Jim Harris asks: Do you retain and maintain data, or do you have a data retention strategy?
How effective is your organization at leveraging data and analytics to power your business models?
This question is surprising hard for many organizations to answer. Most organizations lack a roadmap against which they can measure their effectiveness for using data and analytics to optimize key business processes, uncover new business opportunities or deliver a differentiated customer experience. They do not understand what’s possible with respect to integrating big data and data science into the organization’s business model (see Figure 1).
My SAS Global Forum 2018 presentation on Tuesday April 10, 2018 will discuss the transformative potential of big data and advanced analytics, and will leverage the Big Data Business Model Maturity Index as a guide for helping organizations understand where and how they can leverage data and analytics to power their business models.
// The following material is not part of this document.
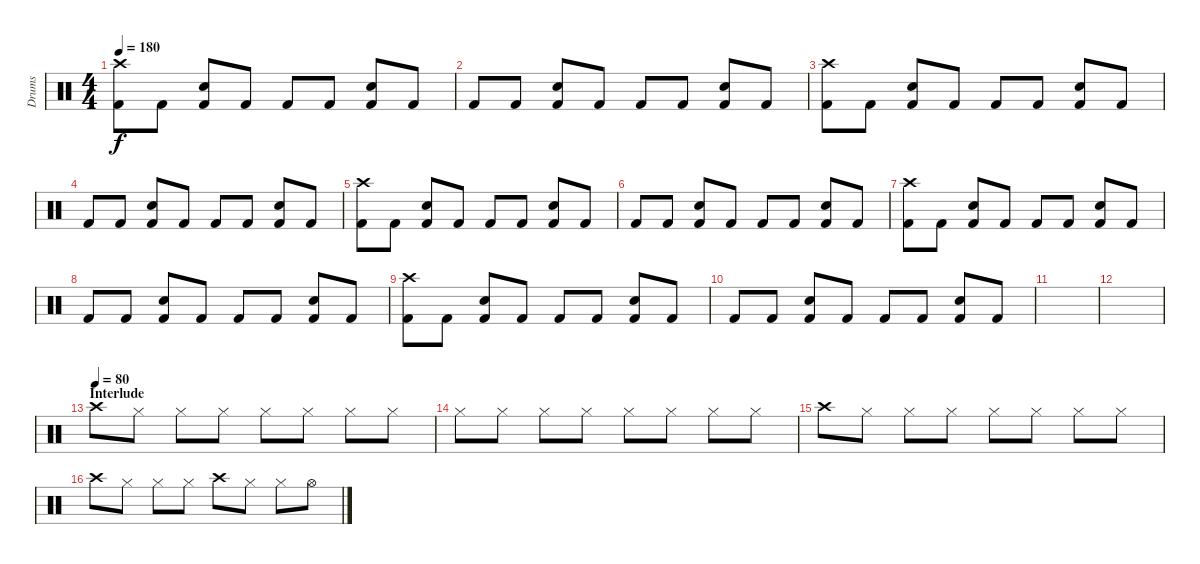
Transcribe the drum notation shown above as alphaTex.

Digital Twins, Analytics Profiles and the Power of One
We all understand that the volume and variety of data are increasing exponentially. Your customers are leaving their digital fingerprints across the Internet via their website, social media, and mobile devices usage. The Internet of Things will unleash an estimated 44 Zettabytes of data across 7 billion connected people by 2020.
However, big data isn’t really about big; it’s about small. It’s about understanding your customer and product behaviors at the level of the individual. Big Data is about building detailed behavioral or analytic profiles for each individual (see Figure 2).
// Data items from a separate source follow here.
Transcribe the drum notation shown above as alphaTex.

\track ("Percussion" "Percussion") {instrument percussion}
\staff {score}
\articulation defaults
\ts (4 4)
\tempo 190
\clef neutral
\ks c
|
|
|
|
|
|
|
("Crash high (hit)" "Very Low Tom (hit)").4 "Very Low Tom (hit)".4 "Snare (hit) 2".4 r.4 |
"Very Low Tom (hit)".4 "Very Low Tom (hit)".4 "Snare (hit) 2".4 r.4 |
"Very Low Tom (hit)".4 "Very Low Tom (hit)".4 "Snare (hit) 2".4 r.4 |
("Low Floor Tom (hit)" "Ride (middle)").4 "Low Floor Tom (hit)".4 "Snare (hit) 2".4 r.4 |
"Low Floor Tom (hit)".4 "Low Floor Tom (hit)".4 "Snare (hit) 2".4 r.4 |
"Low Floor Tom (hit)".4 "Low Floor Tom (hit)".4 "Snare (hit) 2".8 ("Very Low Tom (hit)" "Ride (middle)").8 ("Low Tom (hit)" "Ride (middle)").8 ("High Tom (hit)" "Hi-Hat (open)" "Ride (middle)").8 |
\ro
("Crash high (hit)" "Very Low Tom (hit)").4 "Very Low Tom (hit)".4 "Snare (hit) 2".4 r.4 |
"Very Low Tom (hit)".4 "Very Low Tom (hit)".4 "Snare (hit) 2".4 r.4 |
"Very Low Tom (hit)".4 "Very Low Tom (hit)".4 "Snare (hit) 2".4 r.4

If you want to better serve your customers, you need to understand their tendencies, behaviors, inclinations, preferences, interests and passions at the level of each individual customer.
Customers’ expectations of their vendors are changing due to their personal experiences. From recommending products, services, movies, music, routes and even spouses, customers are expecting their vendors to understand they well enough that these vendors can provide a hyper-personalized customer experience.
Demystifying Data Science (AI | ML | DL)
Too many organizations are spending too much time confusing too many executives on the capabilities of data science. The concept of data science is simple; data science is about identifying the variables and metrics that might be better predictors of business and operational performance (see Figure 3).
Whether using basic statistics, predictive analytics, data mining, machine learning, or deep learning, almost all of data science benefits are achieved from the simple formula of: Input (A) → Response (B).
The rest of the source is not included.